Item:OSW<id>#OSW<subid> subobject references were incorrectly matched
as standalone Item:OSW<subid> required pages. Added negative lookbehind
for # to the Item regex pattern.
---
 src/osw/controller/page_package.py |  4 ++--
 src/osw/utils/regex.py             | 10 +++++++++-
 2 files changed, 11 insertions(+), 3 deletions(-)
diff --git a/src/osw/controller/page_package.py b/src/osw/controller/page_package.py
index 977d7cf..9fce695 100644
--- a/src/osw/controller/page_package.py
+++ b/src/osw/controller/page_package.py
@@ -71,8 +71,8 @@
         group_keys=["file"],
     ),
     "Item strings": RegExPatternExtended(
-        description="Match: Item:OSW<uuid>",
-        pattern=r"(Item:OSW[a-f0-9]{32})",
+        description="Match: Item:OSW<uuid> but not subobject refs after #",
+        pattern=r"(?<!#)(Item:OSW[a-f0-9]{32})",
         group_keys=["item"],
     ),
 }
diff --git a/src/osw/utils/regex.py b/src/osw/utils/regex.py
index 653f7ae..422ca71 100644
--- a/src/osw/utils/regex.py
+++ b/src/osw/utils/regex.py
@@ -181,7 +181,15 @@ def count_match_groups(pattern: Union[str, re.Pattern]):
             group_count += 1
             unmatched_brackets -= 1
 
-    corrected_group_count = group_count - pattern.count("(?:")
+    # Subtract non-capturing groups and zero-width assertions
+    non_capturing = (
+        pattern.count("(?:")
+        + pattern.count("(?=")
+        + pattern.count("(?!")
+        + pattern.count("(?<=")
+        + pattern.count("(?<!")
+    )
+    corrected_group_count = group_count - non_capturing
     return corrected_group_count
 
 

From 316ce65c3f22539c14c2570dd6b2d8d3e14cc719 Mon Sep 17 00:00:00 2001
From: SimonTaurus <simon.stier@gmx.de>
Date: Tue, 16 Jun 2026 02:55:04 +0200
Subject: [PATCH 2/2] fix: exclude comments in OSW-ID replacements

---
 src/osw/utils/code_postprocessing.py | 22 ++++++++++++----------
 1 file changed, 12 insertions(+), 10 deletions(-)

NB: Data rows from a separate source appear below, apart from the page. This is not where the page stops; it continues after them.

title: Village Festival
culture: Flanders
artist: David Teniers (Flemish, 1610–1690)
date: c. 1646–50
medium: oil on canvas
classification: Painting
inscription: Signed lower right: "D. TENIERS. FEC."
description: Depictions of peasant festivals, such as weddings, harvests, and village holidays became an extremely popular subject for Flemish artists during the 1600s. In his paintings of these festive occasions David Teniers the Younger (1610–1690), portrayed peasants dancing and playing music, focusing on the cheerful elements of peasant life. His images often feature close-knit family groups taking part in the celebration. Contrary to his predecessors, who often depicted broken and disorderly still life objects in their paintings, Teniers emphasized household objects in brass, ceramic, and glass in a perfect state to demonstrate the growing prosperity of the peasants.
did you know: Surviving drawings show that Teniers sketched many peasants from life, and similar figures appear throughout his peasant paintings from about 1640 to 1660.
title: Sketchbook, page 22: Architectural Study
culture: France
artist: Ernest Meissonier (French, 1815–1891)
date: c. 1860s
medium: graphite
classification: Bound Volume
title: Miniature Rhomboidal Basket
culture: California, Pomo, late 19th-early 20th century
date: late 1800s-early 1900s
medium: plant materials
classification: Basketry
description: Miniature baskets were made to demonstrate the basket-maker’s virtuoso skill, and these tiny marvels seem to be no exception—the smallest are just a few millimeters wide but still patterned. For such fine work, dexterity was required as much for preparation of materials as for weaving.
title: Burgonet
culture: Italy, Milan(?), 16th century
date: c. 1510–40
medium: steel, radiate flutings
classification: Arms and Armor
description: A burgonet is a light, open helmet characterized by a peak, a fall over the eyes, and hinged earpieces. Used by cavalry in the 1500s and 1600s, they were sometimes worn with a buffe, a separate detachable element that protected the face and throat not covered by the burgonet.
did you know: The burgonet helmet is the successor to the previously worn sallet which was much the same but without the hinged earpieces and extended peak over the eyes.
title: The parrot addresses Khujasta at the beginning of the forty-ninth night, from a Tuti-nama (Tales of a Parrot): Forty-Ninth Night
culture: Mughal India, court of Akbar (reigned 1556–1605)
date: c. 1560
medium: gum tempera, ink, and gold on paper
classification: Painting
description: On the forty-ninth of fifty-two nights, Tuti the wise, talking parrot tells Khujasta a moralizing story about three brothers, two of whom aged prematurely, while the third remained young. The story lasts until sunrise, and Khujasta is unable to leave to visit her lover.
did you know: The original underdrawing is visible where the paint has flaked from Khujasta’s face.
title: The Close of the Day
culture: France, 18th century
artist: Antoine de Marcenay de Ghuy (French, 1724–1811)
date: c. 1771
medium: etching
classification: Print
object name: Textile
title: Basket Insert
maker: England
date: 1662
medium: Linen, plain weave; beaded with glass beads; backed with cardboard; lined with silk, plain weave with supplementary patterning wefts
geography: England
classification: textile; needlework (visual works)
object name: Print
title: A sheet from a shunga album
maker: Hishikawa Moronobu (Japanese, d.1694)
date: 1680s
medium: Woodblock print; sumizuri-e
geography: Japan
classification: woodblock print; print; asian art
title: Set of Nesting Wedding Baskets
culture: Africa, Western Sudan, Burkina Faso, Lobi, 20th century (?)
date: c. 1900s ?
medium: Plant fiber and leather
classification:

diff --git a/src/osw/utils/code_postprocessing.py b/src/osw/utils/code_postprocessing.py
index faf2f2c..43c3b27 100644
--- a/src/osw/utils/code_postprocessing.py
+++ b/src/osw/utils/code_postprocessing.py
@@ -89,16 +89,18 @@ def resolve_osw_id_type_hints(content: str) -> str:
     if not osw_id_to_class:
         return content
 
-    # Find bare OSW IDs used as identifiers (not inside "Category:OSW..." strings)
+    # Replace bare OSW IDs used as identifiers with the resolved class name.
+    # Skip comment lines: the datamodel-codegen header
+    # "#   filename:  OSW....json" contains an OSW ID that is NOT a type hint
+    # and must stay intact (the lookbehind/lookahead alone do not exclude it,
+    # since it is preceded by a space and followed by ".json").
     bare_osw_pattern = re.compile(r"(?<![:\w])OSW[0-9a-f]{32}(?!\w)")
-    unresolved = set(bare_osw_pattern.findall(content))
 
-    for osw_id in unresolved:
-        if osw_id in osw_id_to_class:
-            content = re.sub(
-                r"(?<![:\w])" + re.escape(osw_id) + r"(?!\w)",
-                osw_id_to_class[osw_id],
-                content,
-            )
+    def _resolve_line(line: str) -> str:
+        if line.lstrip().startswith("#"):
+            return line  # never rewrite comments
+        return bare_osw_pattern.sub(
+            lambda m: osw_id_to_class.get(m.group(0), m.group(0)), line
+        )
 
-    return content
+    return "".join(_resolve_line(line) for line in content.splitlines(keepends=True))